COMMITTEE ON LEGISLATIVE RESEARCH

OVERSIGHT DIVISION


FISCAL NOTE


L.R. No.:         3636-02

Bill No.:          Perfected HCS for HB 1644

Subject:           Corporations; Revenue Dept.; Taxation and Revenue - Income

Type:              Original

Date:               May 1, 2008




 

Bill Summary:            Would authorize a gradual reduction in the corporate income tax rate, phase in full deductibility of federal income taxes for individuals, and phase in full deductibility of corporate income taxes. Would also provide a motor fuel tax holiday during 2008 and eliminate state income taxes for filers with taxable income less than $1,000.


FISCAL SUMMARY


ESTIMATED NET EFFECT ON GENERAL REVENUE FUND

FUND AFFECTED

FY 2009

FY 2010

FY 2011

General Revenue

(Less than $143,392,000)

($215,108,000)

($391,908,000)

 

 

 

 

Total Estimated

Net Effect on

General Revenue

Fund

(Less than $143,392,000)

($215,108,000)

($391,908,000)


ESTIMATED NET EFFECT ON OTHER STATE FUNDS

FUND AFFECTED

FY 2009

FY 2010

FY 2011

Transportation Department *

$0

$0

$0

Total Estimated

Net Effect on Other

State Funds

$0

$0

$0

* Net of revenue reduction and reimbursement.

Numbers within parentheses: ( ) indicate costs or losses.

This fiscal note contains 13 pages.



ESTIMATED NET EFFECT ON FEDERAL FUNDS

FUND AFFECTED

FY 2009

FY 2010

FY 2011

 

 

 

 

 

 

 

 

Total Estimated

Net Effect on All

Federal Funds

$0

$0

$0



ESTIMATED NET EFFECT ON FULL TIME EQUIVALENT (FTE)

FUND AFFECTED

FY 2009

FY 2010

FY 2011

 

 

 

 

 

 

 

 

Total Estimated

Net Effect on

FTE

0

0

0


Estimated Total Net Effect on All funds expected to exceed $100,000 savings or (cost).


Estimated Net Effect on General Revenue Fund expected to exceed $100,000 (cost).


ESTIMATED NET EFFECT ON LOCAL FUNDS

FUND AFFECTED

FY 2009

FY 2010

FY 2011

Local Government

(Less than $71,000,000)


$0

$0






FISCAL ANALYSIS


ASSUMPTION


Full deductibility of federal income tax for Missouri Corporations


Officials from the Office of Administration, Division of Budget and Planning (BAP) assumed a previous version of this proposal would not result in additional costs or savings to their organization.

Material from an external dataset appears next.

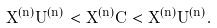<formula> <loc_0><loc_0><loc_500><loc_500>X ^ { ( n ) } U ^ { ( n ) } < X ^ { ( n ) } C < X ^ { ( n ) } \bar { U } ^ { ( n ) } .</formula> 
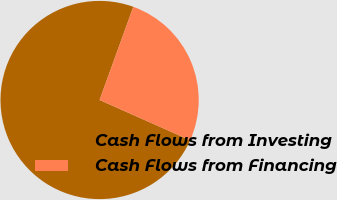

The proposal would provide full deductibility of federal income taxes paid for corporations, beginning with tax year 2009. For tax year 2008, BAP estimates the liability not currently deducted to generate $116.7M in general and total state revenues, to be received in FY09. Assuming 5% growth, this proposal could reduce general and total state revenues by $122.5M in FY10, and $128.6M in FY11.


Officials from the University of Missouri, Economic and Policy Analysis Research Center (EPARC) assumed a previous version of this proposal would reduce Missouri corporate income taxes by about $1 million based on 2002 data.


Officials from the Department of Revenue (DOR) assumed a previous version of this proposal would allow a corporation full deductibility of all federal income tax liability, on its Missouri return. This would decrease state revenues.


DOR officials also provided total net corporate income tax collections for FY 2007 of $553.9 million and for FY 2006 of $528.8 million.


DOR assumed that changes would be required to Missouri corporate income tax form and the COINS system, and that Corporate Tax would require one FTE Tax Processing Technician I for every 5,200 additional returns to be verified and every 2,080 pieces of additional correspondence generated.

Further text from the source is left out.